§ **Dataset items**
——————
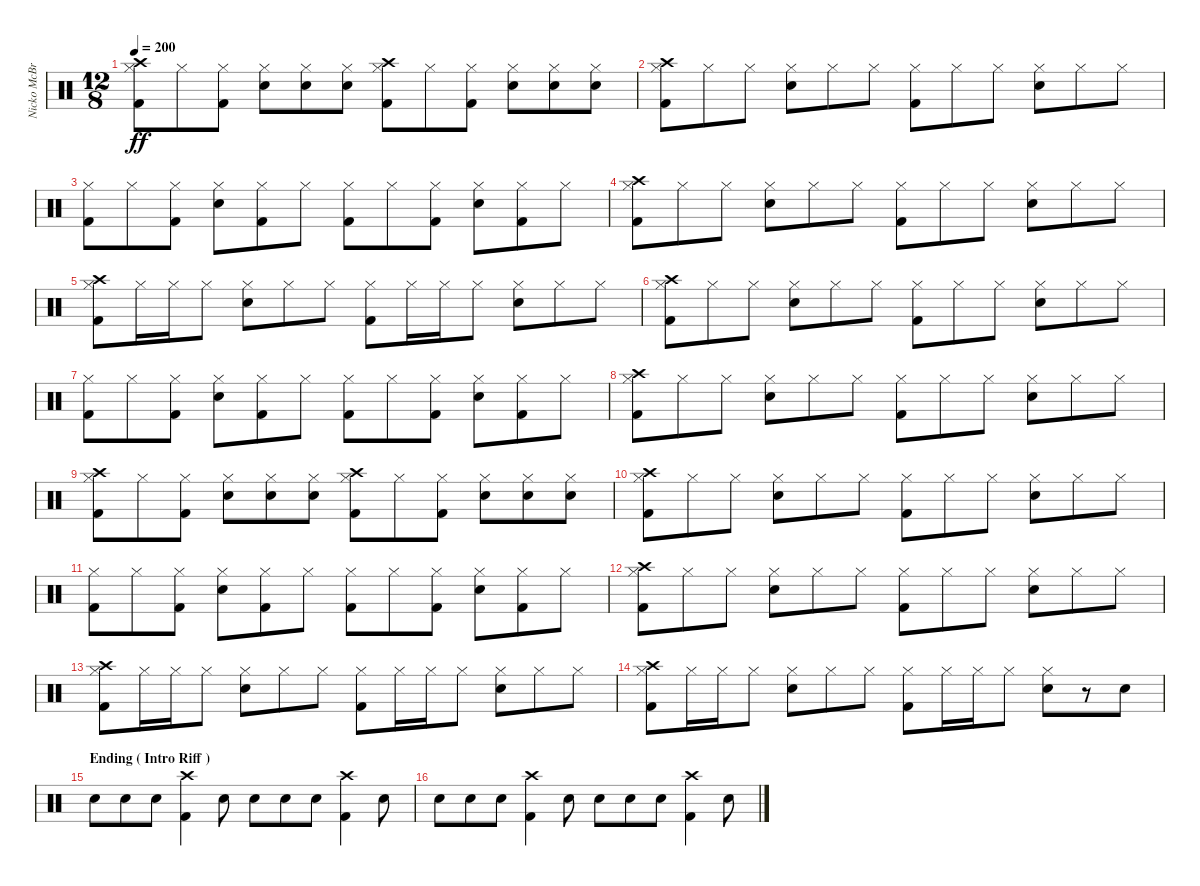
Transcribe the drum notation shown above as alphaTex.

\track ("Nicko McBrain" "Nicko McBr") {instrument percussion}
\staff {score}
\articulation defaults
\ts (12 8)
\tempo 200
\clef neutral
\ks c
("Kick (hit) 2" "Hi-Hat (closed)" "Crash high (hit)").8{dy ff} "Hi-Hat (closed)".8 ("Kick (hit) 2" "Hi-Hat (closed)").8 ("Snare (hit) 2" "Hi-Hat (closed)").8 ("Snare (hit) 2" "Hi-Hat (closed)").8 ("Snare (hit) 2" "Hi-Hat (closed)").8 ("Kick (hit) 2" "Hi-Hat (closed)" "Crash high (hit)").8 "Hi-Hat (closed)".8 ("Kick (hit) 2" "Hi-Hat (closed)").8 ("Snare (hit) 2" "Hi-Hat (closed)").8 ("Snare (hit) 2" "Hi-Hat (closed)").8 ("Snare (hit) 2" "Hi-Hat (closed)").8 |
("Kick (hit) 2" "Hi-Hat (closed)" "Crash high (hit)").8 "Hi-Hat (closed)".8 "Hi-Hat (closed)".8 ("Snare (hit) 2" "Hi-Hat (closed)").8 "Hi-Hat (closed)".8 "Hi-Hat (closed)".8 ("Kick (hit) 2" "Hi-Hat (closed)").8 "Hi-Hat (closed)".8 "Hi-Hat (closed)".8 ("Snare (hit) 2" "Hi-Hat (closed)").8 "Hi-Hat (closed)".8 "Hi-Hat (closed)".8 |
("Kick (hit) 2" "Hi-Hat (closed)").8 "Hi-Hat (closed)".8 ("Kick (hit) 2" "Hi-Hat (closed)").8 ("Snare (hit) 2" "Hi-Hat (closed)").8 ("Kick (hit) 2" "Hi-Hat (closed)").8 "Hi-Hat (closed)".8 ("Kick (hit) 2" "Hi-Hat (closed)").8 "Hi-Hat (closed)".8 ("Kick (hit) 2" "Hi-Hat (closed)").8 ("Snare (hit) 2" "Hi-Hat (closed)").8 ("Kick (hit) 2" "Hi-Hat (closed)").8 "Hi-Hat (closed)".8 |
("Kick (hit) 2" "Hi-Hat (closed)" "Crash high (hit)").8 "Hi-Hat (closed)".8 "Hi-Hat (closed)".8 ("Snare (hit) 2" "Hi-Hat (closed)").8 "Hi-Hat (closed)".8 "Hi-Hat (closed)".8 ("Kick (hit) 2" "Hi-Hat (closed)").8 "Hi-Hat (closed)".8 "Hi-Hat (closed)".8 ("Snare (hit) 2" "Hi-Hat (closed)").8 "Hi-Hat (closed)".8 "Hi-Hat (closed)".8 |
("Kick (hit) 2" "Hi-Hat (closed)" "Crash high (hit)").8 "Hi-Hat (closed)".16 "Hi-Hat (closed)".16 "Hi-Hat (closed)".8 ("Snare (hit) 2" "Hi-Hat (closed)").8 "Hi-Hat (closed)".8 "Hi-Hat (closed)".8 ("Kick (hit) 2" "Hi-Hat (closed)").8 "Hi-Hat (closed)".16 "Hi-Hat (closed)".16 "Hi-Hat (closed)".8 ("Snare (hit) 2" "Hi-Hat (closed)").8 "Hi-Hat (closed)".8 "Hi-Hat (closed)".8 |
("Kick (hit) 2" "Hi-Hat (closed)" "Crash high (hit)").8 "Hi-Hat (closed)".8 "Hi-Hat (closed)".8 ("Snare (hit) 2" "Hi-Hat (closed)").8 "Hi-Hat (closed)".8 "Hi-Hat (closed)".8 ("Kick (hit) 2" "Hi-Hat (closed)").8 "Hi-Hat (closed)".8 "Hi-Hat (closed)".8 ("Snare (hit) 2" "Hi-Hat (closed)").8 "Hi-Hat (closed)".8 "Hi-Hat (closed)".8 |
("Kick (hit) 2" "Hi-Hat (closed)").8 "Hi-Hat (closed)".8 ("Kick (hit) 2" "Hi-Hat (closed)").8 ("Snare (hit) 2" "Hi-Hat (closed)").8 ("Kick (hit) 2" "Hi-Hat (closed)").8 "Hi-Hat (closed)".8 ("Kick (hit) 2" "Hi-Hat (closed)").8 "Hi-Hat (closed)".8 ("Kick (hit) 2" "Hi-Hat (closed)").8 ("Snare (hit) 2" "Hi-Hat (closed)").8 ("Kick (hit) 2" "Hi-Hat (closed)").8 "Hi-Hat (closed)".8 |
("Kick (hit) 2" "Hi-Hat (closed)" "Crash high (hit)").8 "Hi-Hat (closed)".8 "Hi-Hat (closed)".8 ("Snare (hit) 2" "Hi-Hat (closed)").8 "Hi-Hat (closed)".8 "Hi-Hat (closed)".8 ("Kick (hit) 2" "Hi-Hat (closed)").8 "Hi-Hat (closed)".8 "Hi-Hat (closed)".8 ("Snare (hit) 2" "Hi-Hat (closed)").8 "Hi-Hat (closed)".8 "Hi-Hat (closed)".8 |
("Kick (hit) 2" "Hi-Hat (closed)" "Crash high (hit)").8 "Hi-Hat (closed)".8 ("Kick (hit) 2" "Hi-Hat (closed)").8 ("Snare (hit) 2" "Hi-Hat (closed)").8 ("Snare (hit) 2" "Hi-Hat (closed)").8 ("Snare (hit) 2" "Hi-Hat (closed)").8 ("Kick (hit) 2" "Hi-Hat (closed)" "Crash high (hit)").8 "Hi-Hat (closed)".8 ("Kick (hit) 2" "Hi-Hat (closed)").8 ("Snare (hit) 2" "Hi-Hat (closed)").8 ("Snare (hit) 2" "Hi-Hat (closed)").8 ("Snare (hit) 2" "Hi-Hat (closed)").8 |
("Kick (hit) 2" "Hi-Hat (closed)" "Crash high (hit)").8 "Hi-Hat (closed)".8 "Hi-Hat (closed)".8 ("Snare (hit) 2" "Hi-Hat (closed)").8 "Hi-Hat (closed)".8 "Hi-Hat (closed)".8 ("Kick (hit) 2" "Hi-Hat (closed)").8 "Hi-Hat (closed)".8 "Hi-Hat (closed)".8 ("Snare (hit) 2" "Hi-Hat (closed)").8 "Hi-Hat (closed)".8 "Hi-Hat (closed)".8 |
("Kick (hit) 2" "Hi-Hat (closed)").8 "Hi-Hat (closed)".8 ("Kick (hit) 2" "Hi-Hat (closed)").8 ("Snare (hit) 2" "Hi-Hat (closed)").8 ("Kick (hit) 2" "Hi-Hat (closed)").8 "Hi-Hat (closed)".8 ("Kick (hit) 2" "Hi-Hat (closed)").8 "Hi-Hat (closed)".8 ("Kick (hit) 2" "Hi-Hat (closed)").8 ("Snare (hit) 2" "Hi-Hat (closed)").8 ("Kick (hit) 2" "Hi-Hat (closed)").8 "Hi-Hat (closed)".8 |
("Kick (hit) 2" "Hi-Hat (closed)" "Crash high (hit)").8 "Hi-Hat (closed)".8 "Hi-Hat (closed)".8 ("Snare (hit) 2" "Hi-Hat (closed)").8 "Hi-Hat (closed)".8 "Hi-Hat (closed)".8 ("Kick (hit) 2" "Hi-Hat (closed)").8 "Hi-Hat (closed)".8 "Hi-Hat (closed)".8 ("Snare (hit) 2" "Hi-Hat (closed)").8 "Hi-Hat (closed)".8 "Hi-Hat (closed)".8 |
("Kick (hit) 2" "Hi-Hat (closed)" "Crash high (hit)").8 "Hi-Hat (closed)".16 "Hi-Hat (closed)".16 "Hi-Hat (closed)".8 ("Snare (hit) 2" "Hi-Hat (closed)").8 "Hi-Hat (closed)".8 "Hi-Hat (closed)".8 ("Kick (hit) 2" "Hi-Hat (closed)").8 "Hi-Hat (closed)".16 "Hi-Hat (closed)".16 "Hi-Hat (closed)".8 ("Snare (hit) 2" "Hi-Hat (closed)").8 "Hi-Hat (closed)".8 "Hi-Hat (closed)".8 |
("Kick (hit) 2" "Hi-Hat (closed)" "Crash high (hit)").8 "Hi-Hat (closed)".16 "Hi-Hat (closed)".16 "Hi-Hat (closed)".8 ("Snare (hit) 2" "Hi-Hat (closed)").8 "Hi-Hat (closed)".8 "Hi-Hat (closed)".8 ("Kick (hit) 2" "Hi-Hat (closed)").8 "Hi-Hat (closed)".16 "Hi-Hat (closed)".16 "Hi-Hat (closed)".8 ("Snare (hit) 2" "Hi-Hat (closed)").8 r.8 "Snare (hit) 2".8 |
\section ("" "Ending ( Intro Riff )")
"Snare (hit) 2".8 "Snare (hit) 2".8 "Snare (hit) 2".8 ("Kick (hit) 2" "Crash high (hit)").4 "Snare (hit) 2".8 "Snare (hit) 2".8 "Snare (hit) 2".8 "Snare (hit) 2".8 ("Kick (hit) 2" "Crash high (hit)").4 "Snare (hit) 2".8 |
"Snare (hit) 2".8 "Snare (hit) 2".8 "Snare (hit) 2".8 ("Kick (hit) 2" "Crash high (hit)").4 "Snare (hit) 2".8 "Snare (hit) 2".8 "Snare (hit) 2".8 "Snare (hit) 2".8 ("Kick (hit) 2" "Crash high (hit)").4 "Snare (hit) 2".8
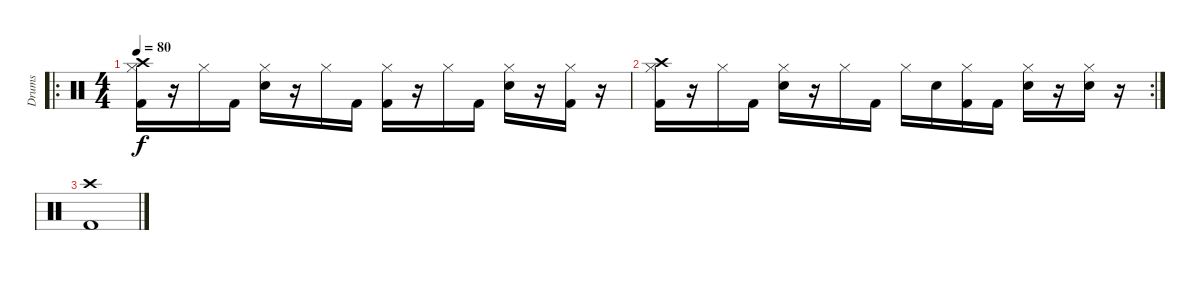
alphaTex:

\track ("Drums" "Drums") {instrument percussion}
\staff {score}
\articulation defaults
\ro
\ts (4 4)
\tempo 80
\clef neutral
\ks c
("Hi-Hat (closed)" "Crash high (hit)" "Kick (hit) 2").16{dy f} r.16 "Hi-Hat (closed)".16 "Kick (hit) 2".16 ("Hi-Hat (closed)" "Snare (hit) 2").16 r.16 "Hi-Hat (closed)".16 "Kick (hit) 2".16 ("Hi-Hat (closed)" "Kick (hit) 2").16 r.16 "Hi-Hat (closed)".16 "Kick (hit) 2".16 ("Hi-Hat (closed)" "Snare (hit) 2").16 r.16 ("Hi-Hat (closed)" "Kick (hit) 2").16 r.16 |
\rc 2
("Hi-Hat (closed)" "Crash high (hit)" "Kick (hit) 2").16 r.16 "Hi-Hat (closed)".16 "Kick (hit) 2".16 ("Hi-Hat (closed)" "Snare (hit) 2").16 r.16 "Hi-Hat (closed)".16 "Kick (hit) 2".16 "Hi-Hat (closed)".16 "Snare (hit) 2".16 ("Hi-Hat (closed)" "Kick (hit) 2").16 "Kick (hit) 2".16 ("Hi-Hat (closed)" "Snare (hit) 2").16 r.16 ("Hi-Hat (closed)" "Snare (hit) 2").16 r.16 |
("Kick (hit) 2" "Crash high (hit)").1
——————
§ **What you have to do**
Each line in the entries above that includes the string "alphaTex" should be extracted.

§ **Solution to the problem**
Transcribe the drum notation shown above as alphaTex.
alphaTex:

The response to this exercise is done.